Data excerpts
----------

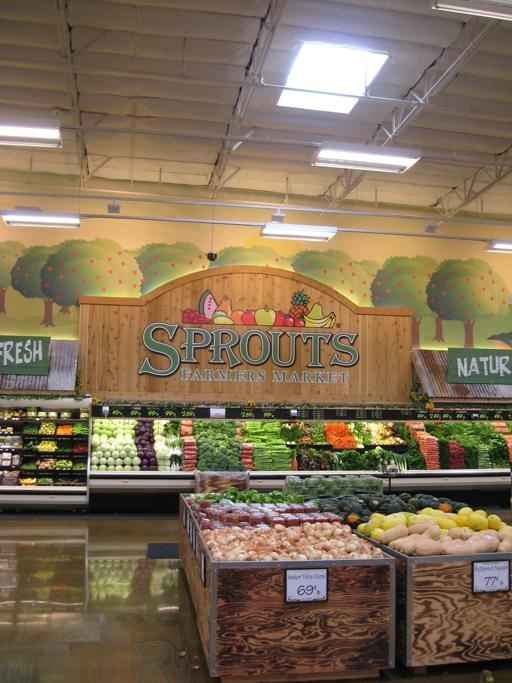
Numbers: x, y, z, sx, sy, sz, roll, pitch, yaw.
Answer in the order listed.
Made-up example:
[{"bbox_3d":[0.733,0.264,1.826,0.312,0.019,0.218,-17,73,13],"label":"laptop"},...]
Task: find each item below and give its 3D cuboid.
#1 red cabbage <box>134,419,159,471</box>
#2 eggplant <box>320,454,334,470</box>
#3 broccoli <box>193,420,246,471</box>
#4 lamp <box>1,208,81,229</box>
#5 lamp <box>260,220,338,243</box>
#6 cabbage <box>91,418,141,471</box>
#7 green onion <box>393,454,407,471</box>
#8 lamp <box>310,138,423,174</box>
[{"bbox_3d":[-1.720,1.591,8.384,0.429,0.713,0.229,-15,7,4],"label":"red cabbage"},{"bbox_3d":[1.125,1.892,8.414,0.227,0.204,0.079,3,-18,-3],"label":"eggplant"},{"bbox_3d":[-0.582,1.621,8.325,0.582,0.221,0.767,2,23,-6],"label":"broccoli"},{"bbox_3d":[-3.277,-1.884,8.203,1.109,0.177,0.498,-1,-6,-7],"label":"lamp"},{"bbox_3d":[0.699,-1.955,9.460,0.878,0.155,0.576,2,-1,-11],"label":"lamp"},{"bbox_3d":[-2.181,1.587,8.332,0.735,0.758,0.847,0,-7,-14],"label":"cabbage"},{"bbox_3d":[2.326,1.930,8.578,0.307,0.255,0.165,3,-8,-37],"label":"green onion"},{"bbox_3d":[1.174,-1.986,5.817,1.057,0.147,0.516,-1,-6,-8],"label":"lamp"}]

----------

# [What you should do]
For each record above, write out its text exactly and skip any picture.

# [Answer area]
Numbers: x, y, z, sx, sy, sz, roll, pitch, yaw.
Answer in the order listed.
Made-up example:
[{"bbox_3d":[0.733,0.264,1.826,0.312,0.019,0.218,-17,73,13],"label":"laptop"},...]
Task: find each item below and give its 3D cuboid.
#1 red cabbage <box>134,419,159,471</box>
#2 eggplant <box>320,454,334,470</box>
#3 broccoli <box>193,420,246,471</box>
#4 lamp <box>1,208,81,229</box>
#5 lamp <box>260,220,338,243</box>
#6 cabbage <box>91,418,141,471</box>
#7 green onion <box>393,454,407,471</box>
#8 lamp <box>310,138,423,174</box>
[{"bbox_3d":[-1.720,1.591,8.384,0.429,0.713,0.229,-15,7,4],"label":"red cabbage"},{"bbox_3d":[1.125,1.892,8.414,0.227,0.204,0.079,3,-18,-3],"label":"eggplant"},{"bbox_3d":[-0.582,1.621,8.325,0.582,0.221,0.767,2,23,-6],"label":"broccoli"},{"bbox_3d":[-3.277,-1.884,8.203,1.109,0.177,0.498,-1,-6,-7],"label":"lamp"},{"bbox_3d":[0.699,-1.955,9.460,0.878,0.155,0.576,2,-1,-11],"label":"lamp"},{"bbox_3d":[-2.181,1.587,8.332,0.735,0.758,0.847,0,-7,-14],"label":"cabbage"},{"bbox_3d":[2.326,1.930,8.578,0.307,0.255,0.165,3,-8,-37],"label":"green onion"},{"bbox_3d":[1.174,-1.986,5.817,1.057,0.147,0.516,-1,-6,-8],"label":"lamp"}]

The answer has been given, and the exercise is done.